**WHAT TO DO**
Copy everything in the listing below word for word, apart from any images.

<<<<

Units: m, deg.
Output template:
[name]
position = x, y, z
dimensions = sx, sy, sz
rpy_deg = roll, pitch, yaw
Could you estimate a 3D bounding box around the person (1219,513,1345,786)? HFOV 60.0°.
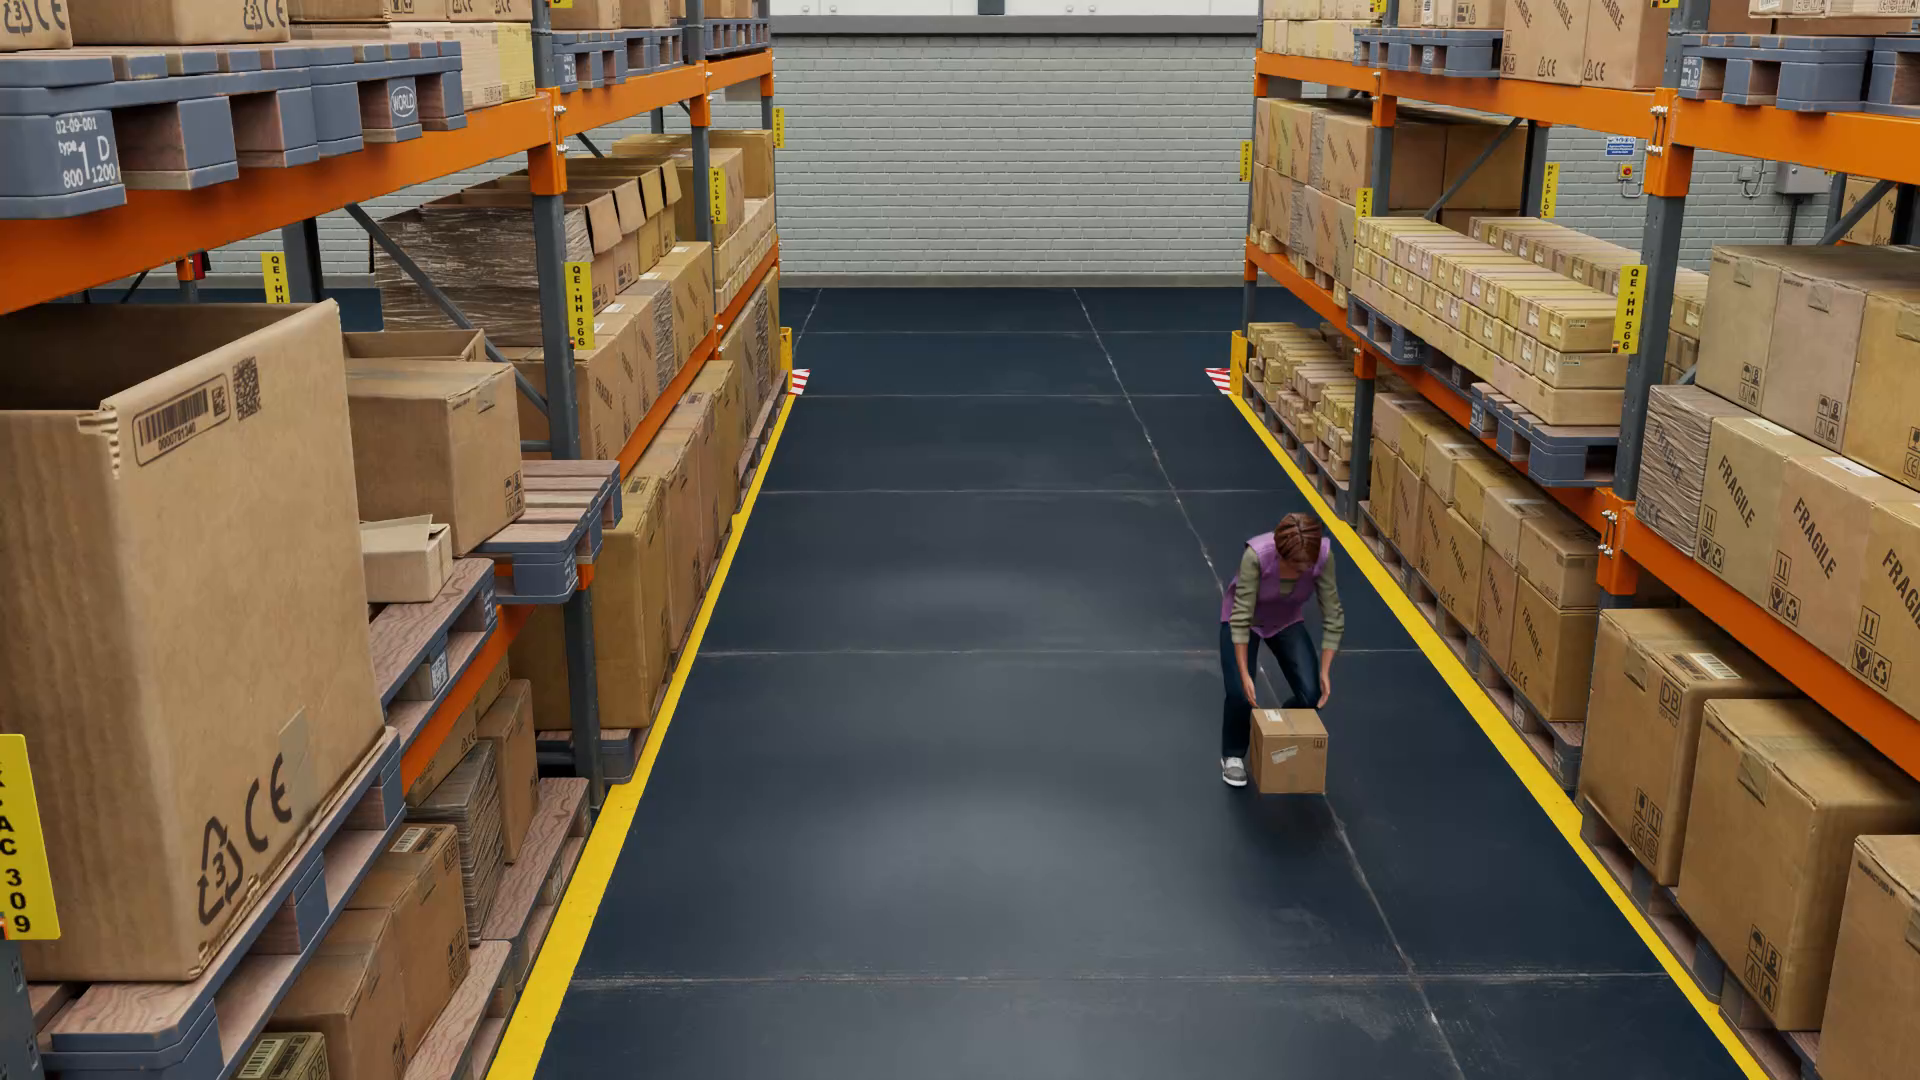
[person]
position = 1.308, 0.428, 6.822
dimensions = 0.463, 1.230, 0.685
rpy_deg = 0, 17, -1

>>>>

**RESPONSE BELOW**
Units: m, deg.
Output template:
[name]
position = x, y, z
dimensions = sx, sy, sz
rpy_deg = roll, pitch, yaw
Could you estimate a 3D bounding box around the person (1219,513,1345,786)? HFOV 60.0°.
[person]
position = 1.308, 0.428, 6.822
dimensions = 0.463, 1.230, 0.685
rpy_deg = 0, 17, -1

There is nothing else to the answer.